Monday gives us a snapshot into the future of "reality" programming based on live viewership. From 8 to 10 PM ABC offers "The Bachelor" and NBC offers "The Biggest Loser". Scripted series include the CBS comedy lineup and the Fox drama lineup. (Because The CW viewership is targeted and small I'm ignoring them.) This is how 8 pm to 10 pm looks:








CBS won the first and third half hours of the demo while ABC won the second and fourth half hours. Fox at #3 beat NBC in all four half hours. Overall, when you look at the 8-10 averages CBS and ABC were in a dead heat in both age groups. Fox's drama lineup beat NBC keeping scripted TV on top, particularly in the 50+ group. But it's clear that the more costly scripted programming isn't creating the profits it once did and it is older viewers that stick with it.

*ABC* edged out a win for the night in the 8 to 11 pm competition because "Castle" is beating "Hawaii Five-0" at 10 pm.

*CBS* must be wondering about its commitment to scripted TV. Those four comedies in total cost significantly more to produce than "The Bachelor."

*Fox*. Though still down by 15%, Fox saw a bit of a demo recovery in "The Following." It clearly has lost a third of its premier 50+ audience.

*NBC* is clearly secure in the #4 position from 8 to 10. "Deception" gets slightly more than half the demo and less than a third of the 50+ than the other two at 10 pm. The NBC affiliates must be overjoyed because this show is running only 15% behind "The Leno Show" which they called a ratings disaster as a lead in to their local news. What I know is really giving them joy is that after they talked NBC into dumping the Leno experiment they haven't seen much of the 50+ crowd - you know, the folks that watch local news because they still aren't as heavy on the internet. In the meantime, NBC is wasting a bunch of money on 10 pm. It's always good to know that the local channels are really in touch with their audience.
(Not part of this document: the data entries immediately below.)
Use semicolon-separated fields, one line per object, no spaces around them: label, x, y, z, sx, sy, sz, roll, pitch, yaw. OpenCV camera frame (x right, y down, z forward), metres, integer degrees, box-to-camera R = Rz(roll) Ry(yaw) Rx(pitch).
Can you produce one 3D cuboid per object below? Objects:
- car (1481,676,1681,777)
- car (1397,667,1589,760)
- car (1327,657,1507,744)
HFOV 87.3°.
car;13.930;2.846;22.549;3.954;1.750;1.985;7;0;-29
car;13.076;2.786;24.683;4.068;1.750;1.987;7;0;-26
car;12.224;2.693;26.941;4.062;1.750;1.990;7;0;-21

*The CW* dropped Sunday programming a few years ago and tend to have reruns on Friday. They probably should drop new programming on Monday and Friday to focus on three nights. Or they could find old movies that nobody saw at the theater or on the premium channels to show as they did last Friday.


----------



## phrelin (Jan 18, 2007)

*CBS* continues to control Tuesday night with over half the viewers, though "Vegas" is still marginal.

*ABC* is comfortably #2, but "Body of Proof" is off a bit from last year.

*Fox* is steady at #3 with its comedy lineup though "New Girl" has lost about a third of its demo audience over last year.

*NBC.* The elephant in the executive suite at NBC is "Smash." When introduced last year the ads in the very expensive fashion and east coast magazines were glossy multipage. Comcast has to fire these people and hire folks out there in Kansas City. "Smash" is among the walking dead, but without the viewers of the AMC show of that name.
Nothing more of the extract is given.